Salman Rushdie, Satanic Verses author, stabbed at New York event
Author Salman Rushdie, whose work has earned him death threats, was stabbed on stage as he attended an event in New York on Friday according to witnesses' photos and videos from the scene.
Rushdie, who won the Booker prize in 1981, was at the Chautauqua Institution, a nonprofit education center and summer resort, located near Buffalo in western New York.
According to several videos posted on social media a man stormed the stage and attacked Rushdie and an interviewer. The author was taken or fell to the floor, and the assailant was restrained.
"Rushdie suffered an apparent stab wound to the neck," the New York State Police department said in a statement.
Rushdie was pictured being taken away in a stretcher, with blood covering his torso, hands and face, before he was loaded onto a medical evacuation helicopter.
New York Governor Kathy Hochul told a press conference about an hour later that Rushdie was alive.
The lone male assailant was later seen in police custody.
Rushdie's work, particularly his 1988 novel The Satantic Verses, attracted fierce protests, death threats, and even a fatwa for his assassination by the former religious leader of Iran.

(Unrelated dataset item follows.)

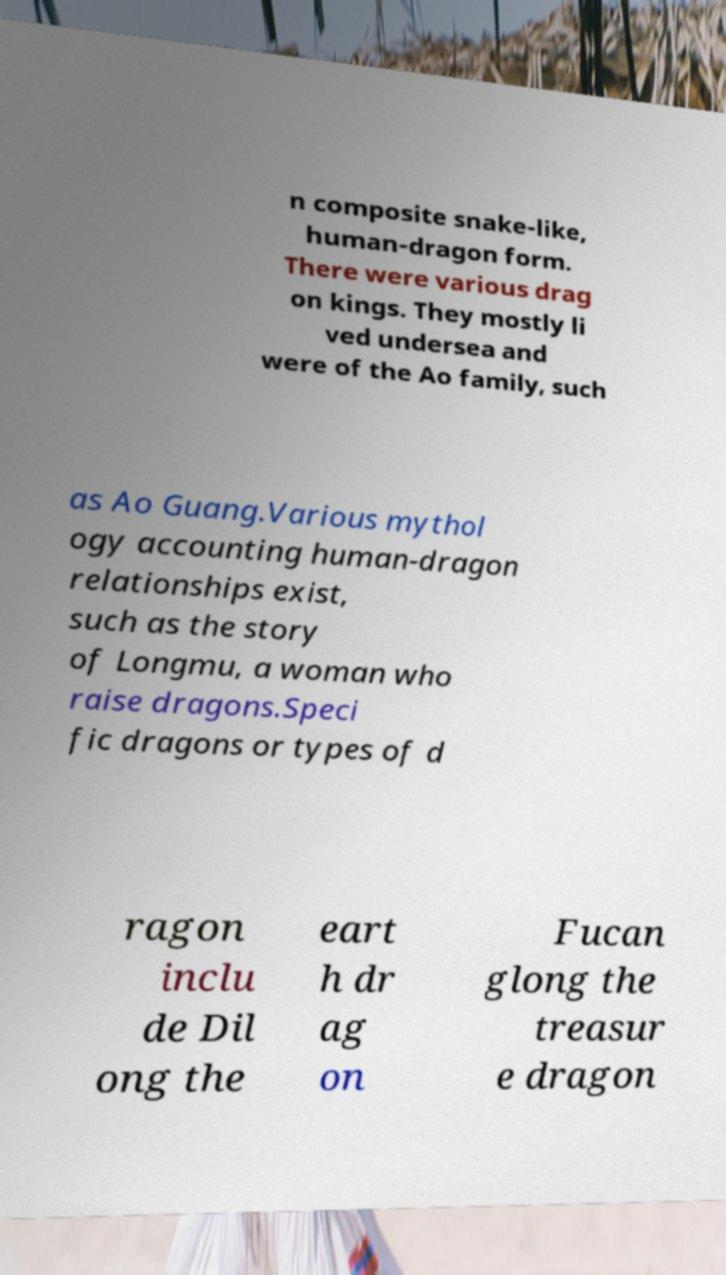I need the written content from this picture converted into text. Can you do that? n composite snake-like, human-dragon form. There were various drag on kings. They mostly li ved undersea and were of the Ao family, such as Ao Guang.Various mythol ogy accounting human-dragon relationships exist, such as the story of Longmu, a woman who raise dragons.Speci fic dragons or types of d ragon inclu de Dil ong the eart h dr ag on Fucan glong the treasur e dragon 
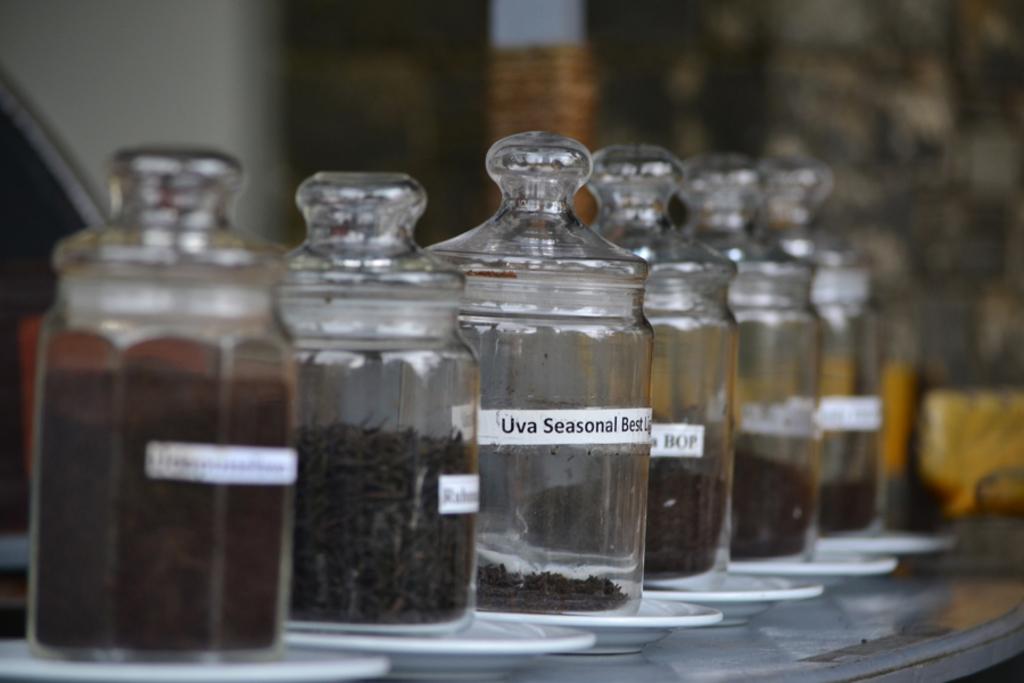What seasonal best?
Provide a succinct answer. Uva.

Tehran has long since distanced itself from former leader Ayatollah Khomeini's decree, but anti-Rushdie sentiment lingers.
In 2012, a semi-official Iranian religious foundation raised the bounty for Rushdie from $2.8 million to $3.3 million.
Rushdie dismissed that threat at the time, saying there was "no evidence" of people being interested in the reward.
Rushdie, who was born to non-practising Muslims and is an atheist himself, has defended his work on several occasions.
PEN International, a writers' association that Rushdie is the former president of, condemned the attack and wished the author a "fast recovery" in a tweet.